Anyway, I want to dump him, but in a way that he will make him smarten up and get his a $ $ in gear. I believe he cares for me, but he'll continue to take me for granted unless I show him that he is not indispensable.
So what's some of the biggest kicks to the huge Taurus ego?
"Anyway, I want to dump him, but in a way that he will make him smarten up and get his a $ $ in gear"
I'm sorry but maybe I'm missing something...If you're not exclusive how are you dumping him?
Also if you're seeing each other long distance and aren't exclusive why can't you both see other people?...
I do not think there is anything wrong with keeping your options open especially if there have been no discussion of exclusivity...
If you think he has a harem of women maybe you should do the same,that is date other guys...especially if you aren't serious...who knows you might meet someone better than him
I don't think playing the game you're thinking of will end up benefiting you since you are long distance and there are other females that he could turn to that live where he does...

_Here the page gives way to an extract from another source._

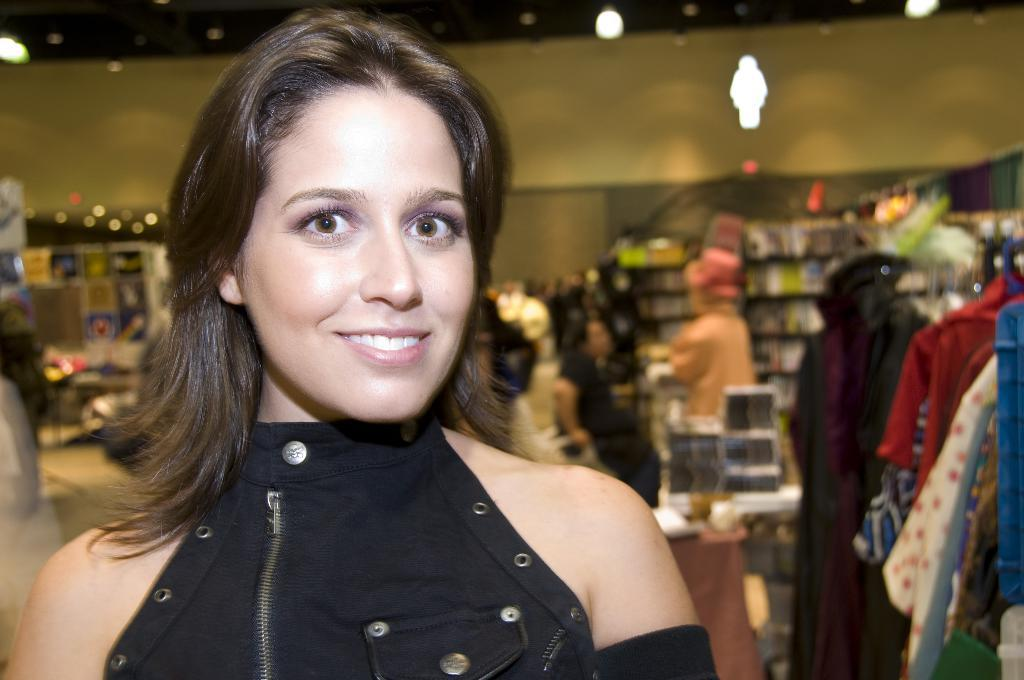Who is present in the image? There is a woman in the image. What is the woman's expression? The woman is smiling. What can be seen in the background of the image? There is a group of people, lights, clothes, and other items visible in the background of the image. What type of shade does the woman prefer to sit under in the image? There is no shade mentioned or visible in the image. What drink is the woman holding in the image? There is no drink visible in the image.

I'm not being judgemental, just giving my opinion as a Cancer woman
as a Taurus women I know when im not really into to someone I wont let go but I wont show much effort and it may be because of the out of sight out of mind thing he is probably getting distracted if you guys are long distance and just began something I would see other guys nothing seriously but I wouldn't put my love life on hold when god knows what he is doing you cant control a Taurus so just play at his game I know that always drives me crazy not sure bout the bull guy though
Hotgal - So glad u answered. I've read some of your old posts, and OMG sometimes I swear they're the same man lol! I think you said '5 steps forward and then 10 back' and boy do I know that feeling. We webcam, email and talk almost everyday. It's kooky cuz it is LD, but we're definitely in some kinda relationship - making plans to be together, travel back and forth, me eventually move there etc. It's not exclusive, but it is serious. It's not a light flirtation. Exclusivity isn't appropriate at this time, BUT what he's doing is more than keeping his options open. He is aggressively pursuing anything/everything, while pretending that I am the love of his life. You wouldn't think for a moment that I (or the feelings he claims he has for me) exist. Maybe 'dump' isn't the correct word, but let's just say he can't have anymore of my time. If he finds happiness in another woman, then all I can do is raise a glass and congratulate him. Maybe it's the cocky Leo rising in me, but I don't think he will.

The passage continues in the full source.